> _Information supplied_:
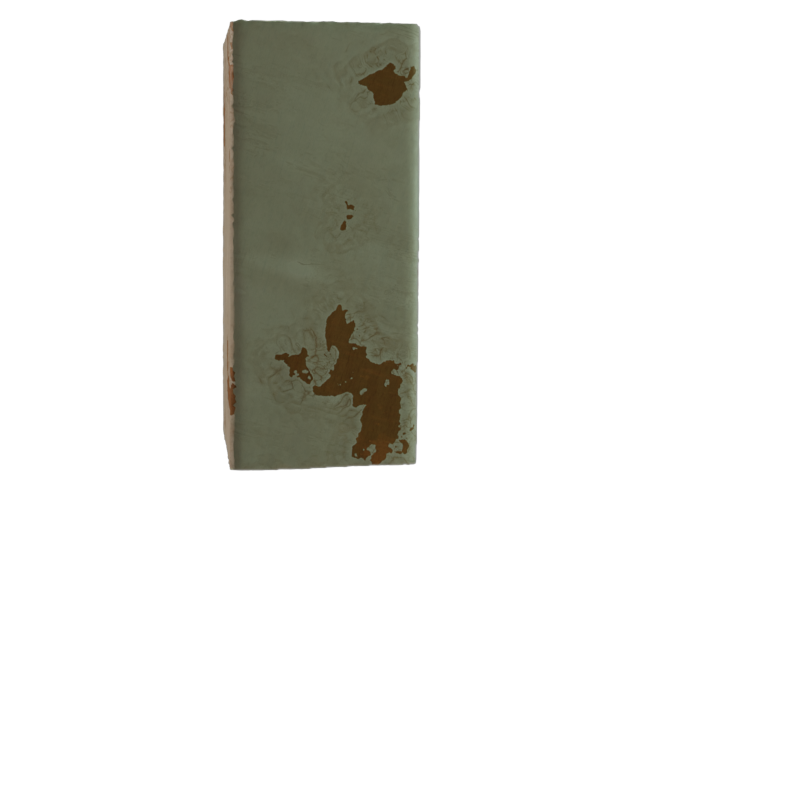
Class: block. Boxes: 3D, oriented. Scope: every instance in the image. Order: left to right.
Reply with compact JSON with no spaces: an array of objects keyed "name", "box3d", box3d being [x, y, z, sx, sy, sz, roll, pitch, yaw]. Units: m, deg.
[{"name":"block","box3d":[-0.042,-0.079,0.551,0.089,0.205,0.093,0,4,-10]}]

> _Work instruction_:
Please copy the data shown above precisely, leaving the images out.

> _Response to the exercise_:
Class: block. Boxes: 3D, oriented. Scope: every instance in the image. Order: left to right.
Reply with compact JSON with no spaces: an array of objects keyed "name", "box3d", box3d being [x, y, z, sx, sy, sz, roll, pitch, yaw]. Units: m, deg.
[{"name":"block","box3d":[-0.042,-0.079,0.551,0.089,0.205,0.093,0,4,-10]}]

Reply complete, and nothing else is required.